The result should consist solely of the line containing "the object (685,478,782,696)." and the lines that follow it below, each reproduced exactly, the last line included.

DATA below:

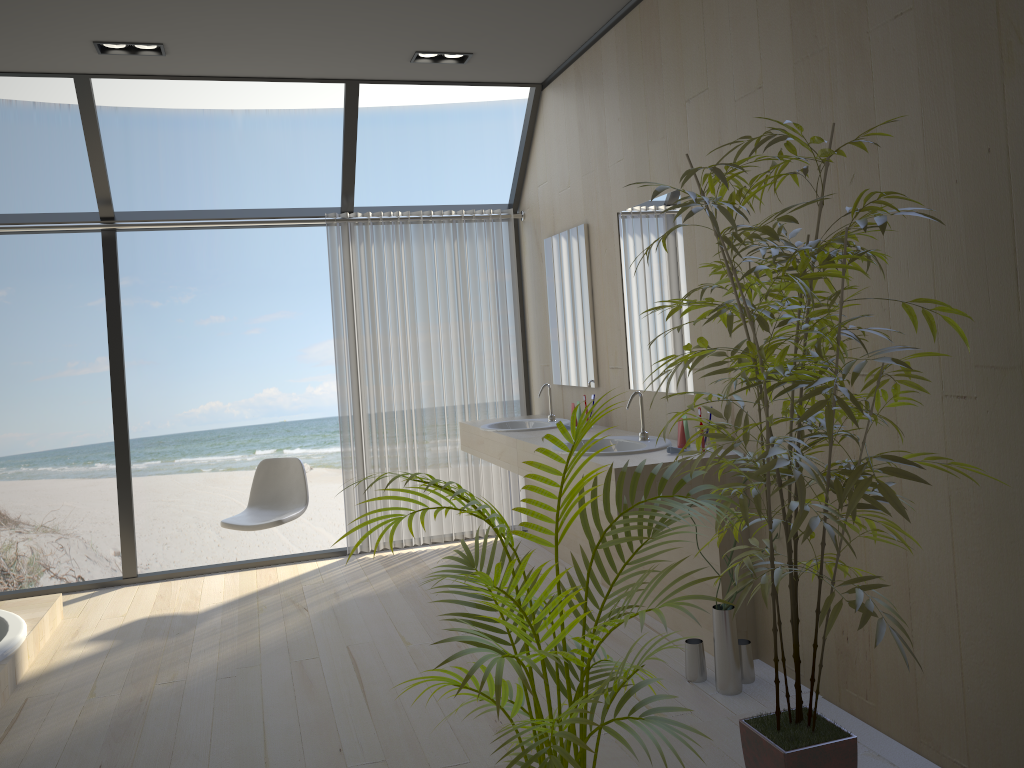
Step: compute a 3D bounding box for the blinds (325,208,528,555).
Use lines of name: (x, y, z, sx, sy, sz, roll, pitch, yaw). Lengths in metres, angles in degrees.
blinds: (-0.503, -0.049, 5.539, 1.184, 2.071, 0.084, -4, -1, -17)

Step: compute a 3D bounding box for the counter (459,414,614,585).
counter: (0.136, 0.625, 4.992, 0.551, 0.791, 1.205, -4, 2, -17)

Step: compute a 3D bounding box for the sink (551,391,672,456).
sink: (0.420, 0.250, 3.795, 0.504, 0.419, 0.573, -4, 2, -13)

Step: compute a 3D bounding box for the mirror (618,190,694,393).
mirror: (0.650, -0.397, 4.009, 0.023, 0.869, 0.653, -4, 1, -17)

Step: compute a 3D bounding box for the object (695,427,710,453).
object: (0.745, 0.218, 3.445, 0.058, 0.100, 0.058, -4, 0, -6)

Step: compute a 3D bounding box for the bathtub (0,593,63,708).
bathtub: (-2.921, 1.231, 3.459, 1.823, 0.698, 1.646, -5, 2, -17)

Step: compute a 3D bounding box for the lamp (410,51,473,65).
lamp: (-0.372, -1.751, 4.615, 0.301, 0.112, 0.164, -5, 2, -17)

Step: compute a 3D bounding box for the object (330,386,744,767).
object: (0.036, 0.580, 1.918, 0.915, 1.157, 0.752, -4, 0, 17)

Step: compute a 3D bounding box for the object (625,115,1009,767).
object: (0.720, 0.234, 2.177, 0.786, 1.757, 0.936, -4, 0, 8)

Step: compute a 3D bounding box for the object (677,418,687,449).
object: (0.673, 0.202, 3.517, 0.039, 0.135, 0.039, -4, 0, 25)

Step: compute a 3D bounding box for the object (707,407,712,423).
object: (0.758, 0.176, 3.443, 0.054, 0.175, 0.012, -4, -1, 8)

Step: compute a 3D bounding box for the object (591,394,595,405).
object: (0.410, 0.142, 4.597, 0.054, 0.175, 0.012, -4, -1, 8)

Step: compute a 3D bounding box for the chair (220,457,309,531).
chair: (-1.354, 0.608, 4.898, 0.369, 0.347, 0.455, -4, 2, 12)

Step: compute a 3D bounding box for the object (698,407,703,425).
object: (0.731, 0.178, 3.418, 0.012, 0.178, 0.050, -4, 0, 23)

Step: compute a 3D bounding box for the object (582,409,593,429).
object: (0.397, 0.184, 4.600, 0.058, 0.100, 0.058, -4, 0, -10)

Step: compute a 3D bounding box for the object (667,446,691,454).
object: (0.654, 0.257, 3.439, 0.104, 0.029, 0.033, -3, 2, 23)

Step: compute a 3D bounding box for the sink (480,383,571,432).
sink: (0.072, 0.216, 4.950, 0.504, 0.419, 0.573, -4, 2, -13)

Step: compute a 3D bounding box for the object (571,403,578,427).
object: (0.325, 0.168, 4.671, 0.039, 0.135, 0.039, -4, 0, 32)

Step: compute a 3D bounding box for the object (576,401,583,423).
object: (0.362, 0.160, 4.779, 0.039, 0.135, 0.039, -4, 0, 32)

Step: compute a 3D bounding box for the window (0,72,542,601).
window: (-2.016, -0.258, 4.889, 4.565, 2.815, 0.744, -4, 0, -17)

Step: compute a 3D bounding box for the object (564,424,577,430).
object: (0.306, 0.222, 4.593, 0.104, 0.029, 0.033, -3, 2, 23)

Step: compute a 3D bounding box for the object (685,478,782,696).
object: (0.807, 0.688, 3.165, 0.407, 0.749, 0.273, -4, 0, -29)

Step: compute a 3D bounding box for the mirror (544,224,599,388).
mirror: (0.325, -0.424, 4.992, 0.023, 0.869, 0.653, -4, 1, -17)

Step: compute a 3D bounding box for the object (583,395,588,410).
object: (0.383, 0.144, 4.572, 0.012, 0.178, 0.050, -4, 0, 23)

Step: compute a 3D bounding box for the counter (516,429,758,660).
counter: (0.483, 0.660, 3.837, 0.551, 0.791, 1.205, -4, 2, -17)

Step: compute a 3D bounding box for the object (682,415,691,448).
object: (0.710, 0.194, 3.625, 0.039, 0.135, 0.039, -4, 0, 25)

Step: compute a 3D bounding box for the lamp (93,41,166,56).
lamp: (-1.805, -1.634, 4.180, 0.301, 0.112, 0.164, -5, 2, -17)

End of DATA.

TASK RESULT -
Step: compute a 3D bounding box for the object (685,478,782,696).
object: (0.807, 0.688, 3.165, 0.407, 0.749, 0.273, -4, 0, -29)

Step: compute a 3D bounding box for the mirror (544,224,599,388).
mirror: (0.325, -0.424, 4.992, 0.023, 0.869, 0.653, -4, 1, -17)

Step: compute a 3D bounding box for the object (583,395,588,410).
object: (0.383, 0.144, 4.572, 0.012, 0.178, 0.050, -4, 0, 23)

Step: compute a 3D bounding box for the counter (516,429,758,660).
counter: (0.483, 0.660, 3.837, 0.551, 0.791, 1.205, -4, 2, -17)

Step: compute a 3D bounding box for the object (682,415,691,448).
object: (0.710, 0.194, 3.625, 0.039, 0.135, 0.039, -4, 0, 25)

Step: compute a 3D bounding box for the lamp (93,41,166,56).
lamp: (-1.805, -1.634, 4.180, 0.301, 0.112, 0.164, -5, 2, -17)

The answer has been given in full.